→ **Your task**
Provide the records once more, identical to the original.

→ **Data listing**

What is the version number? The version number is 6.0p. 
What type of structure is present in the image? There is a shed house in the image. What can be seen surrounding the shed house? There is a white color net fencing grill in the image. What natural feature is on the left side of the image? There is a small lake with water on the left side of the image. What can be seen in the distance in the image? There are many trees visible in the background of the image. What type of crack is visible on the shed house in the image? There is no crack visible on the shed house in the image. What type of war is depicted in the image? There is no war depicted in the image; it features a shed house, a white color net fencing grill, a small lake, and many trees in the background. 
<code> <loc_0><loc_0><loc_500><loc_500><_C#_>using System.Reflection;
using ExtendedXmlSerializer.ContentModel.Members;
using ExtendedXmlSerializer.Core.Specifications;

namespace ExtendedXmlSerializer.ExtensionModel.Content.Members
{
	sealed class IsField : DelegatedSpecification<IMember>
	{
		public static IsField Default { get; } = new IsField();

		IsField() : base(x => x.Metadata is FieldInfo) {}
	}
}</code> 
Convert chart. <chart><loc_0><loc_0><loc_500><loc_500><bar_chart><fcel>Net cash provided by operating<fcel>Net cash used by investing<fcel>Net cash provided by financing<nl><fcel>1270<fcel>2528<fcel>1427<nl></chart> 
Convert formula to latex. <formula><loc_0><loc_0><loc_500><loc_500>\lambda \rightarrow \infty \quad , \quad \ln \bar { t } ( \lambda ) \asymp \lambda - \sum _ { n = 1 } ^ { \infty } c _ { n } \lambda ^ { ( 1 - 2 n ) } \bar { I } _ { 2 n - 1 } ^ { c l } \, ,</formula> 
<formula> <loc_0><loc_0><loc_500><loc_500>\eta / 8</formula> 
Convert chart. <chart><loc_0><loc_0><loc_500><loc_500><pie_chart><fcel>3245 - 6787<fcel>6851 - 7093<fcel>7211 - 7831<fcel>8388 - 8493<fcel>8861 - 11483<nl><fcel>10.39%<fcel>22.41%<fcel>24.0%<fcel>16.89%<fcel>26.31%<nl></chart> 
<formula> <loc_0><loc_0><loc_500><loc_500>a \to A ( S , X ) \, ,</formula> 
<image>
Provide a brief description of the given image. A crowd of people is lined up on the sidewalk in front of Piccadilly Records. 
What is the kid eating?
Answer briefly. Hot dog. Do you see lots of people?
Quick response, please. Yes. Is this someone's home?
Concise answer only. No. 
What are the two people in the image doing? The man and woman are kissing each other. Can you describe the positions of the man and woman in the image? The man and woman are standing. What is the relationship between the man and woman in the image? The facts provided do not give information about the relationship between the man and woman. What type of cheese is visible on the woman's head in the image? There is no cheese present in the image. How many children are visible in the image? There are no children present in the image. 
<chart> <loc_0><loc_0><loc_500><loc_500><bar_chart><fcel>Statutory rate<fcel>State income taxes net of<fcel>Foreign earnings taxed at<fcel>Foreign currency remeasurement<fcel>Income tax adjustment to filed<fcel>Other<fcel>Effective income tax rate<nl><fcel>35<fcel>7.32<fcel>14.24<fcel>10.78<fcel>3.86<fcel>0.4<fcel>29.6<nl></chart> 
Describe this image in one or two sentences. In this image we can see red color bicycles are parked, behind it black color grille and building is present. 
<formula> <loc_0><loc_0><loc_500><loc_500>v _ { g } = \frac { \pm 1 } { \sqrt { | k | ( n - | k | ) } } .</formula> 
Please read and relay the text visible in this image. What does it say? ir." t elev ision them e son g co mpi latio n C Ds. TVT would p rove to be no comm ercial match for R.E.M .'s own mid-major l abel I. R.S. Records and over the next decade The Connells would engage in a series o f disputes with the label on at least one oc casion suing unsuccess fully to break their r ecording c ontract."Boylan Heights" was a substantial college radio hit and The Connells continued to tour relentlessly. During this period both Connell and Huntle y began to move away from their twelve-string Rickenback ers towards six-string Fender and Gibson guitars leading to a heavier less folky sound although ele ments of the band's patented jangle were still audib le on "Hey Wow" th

→ **Answer to the problem**
What is the version number? The version number is 6.0p. 
What type of structure is present in the image? There is a shed house in the image. What can be seen surrounding the shed house? There is a white color net fencing grill in the image. What natural feature is on the left side of the image? There is a small lake with water on the left side of the image. What can be seen in the distance in the image? There are many trees visible in the background of the image. What type of crack is visible on the shed house in the image? There is no crack visible on the shed house in the image. What type of war is depicted in the image? There is no war depicted in the image; it features a shed house, a white color net fencing grill, a small lake, and many trees in the background. 
<code> <loc_0><loc_0><loc_500><loc_500><_C#_>using System.Reflection;
using ExtendedXmlSerializer.ContentModel.Members;
using ExtendedXmlSerializer.Core.Specifications;

namespace ExtendedXmlSerializer.ExtensionModel.Content.Members
{
	sealed class IsField : DelegatedSpecification<IMember>
	{
		public static IsField Default { get; } = new IsField();

		IsField() : base(x => x.Metadata is FieldInfo) {}
	}
}</code> 
Convert chart. <chart><loc_0><loc_0><loc_500><loc_500><bar_chart><fcel>Net cash provided by operating<fcel>Net cash used by investing<fcel>Net cash provided by financing<nl><fcel>1270<fcel>2528<fcel>1427<nl></chart> 
Convert formula to latex. <formula><loc_0><loc_0><loc_500><loc_500>\lambda \rightarrow \infty \quad , \quad \ln \bar { t } ( \lambda ) \asymp \lambda - \sum _ { n = 1 } ^ { \infty } c _ { n } \lambda ^ { ( 1 - 2 n ) } \bar { I } _ { 2 n - 1 } ^ { c l } \, ,</formula> 
<formula> <loc_0><loc_0><loc_500><loc_500>\eta / 8</formula> 
Convert chart. <chart><loc_0><loc_0><loc_500><loc_500><pie_chart><fcel>3245 - 6787<fcel>6851 - 7093<fcel>7211 - 7831<fcel>8388 - 8493<fcel>8861 - 11483<nl><fcel>10.39%<fcel>22.41%<fcel>24.0%<fcel>16.89%<fcel>26.31%<nl></chart> 
<formula> <loc_0><loc_0><loc_500><loc_500>a \to A ( S , X ) \, ,</formula> 
<image>
Provide a brief description of the given image. A crowd of people is lined up on the sidewalk in front of Piccadilly Records. 
What is the kid eating?
Answer briefly. Hot dog. Do you see lots of people?
Quick response, please. Yes. Is this someone's home?
Concise answer only. No. 
What are the two people in the image doing? The man and woman are kissing each other. Can you describe the positions of the man and woman in the image? The man and woman are standing. What is the relationship between the man and woman in the image? The facts provided do not give information about the relationship between the man and woman. What type of cheese is visible on the woman's head in the image? There is no cheese present in the image. How many children are visible in the image? There are no children present in the image. 
<chart> <loc_0><loc_0><loc_500><loc_500><bar_chart><fcel>Statutory rate<fcel>State income taxes net of<fcel>Foreign earnings taxed at<fcel>Foreign currency remeasurement<fcel>Income tax adjustment to filed<fcel>Other<fcel>Effective income tax rate<nl><fcel>35<fcel>7.32<fcel>14.24<fcel>10.78<fcel>3.86<fcel>0.4<fcel>29.6<nl></chart> 
Describe this image in one or two sentences. In this image we can see red color bicycles are parked, behind it black color grille and building is present. 
<formula> <loc_0><loc_0><loc_500><loc_500>v _ { g } = \frac { \pm 1 } { \sqrt { | k | ( n - | k | ) } } .</formula> 
Please read and relay the text visible in this image. What does it say? ir." t elev ision them e son g co mpi latio n C Ds. TVT would p rove to be no comm ercial match for R.E.M .'s own mid-major l abel I. R.S. Records and over the next decade The Connells would engage in a series o f disputes with the label on at least one oc casion suing unsuccess fully to break their r ecording c ontract."Boylan Heights" was a substantial college radio hit and The Connells continued to tour relentlessly. During this period both Connell and Huntle y began to move away from their twelve-string Rickenback ers towards six-string Fender and Gibson guitars leading to a heavier less folky sound although ele ments of the band's patented jangle were still audib le on "Hey Wow" th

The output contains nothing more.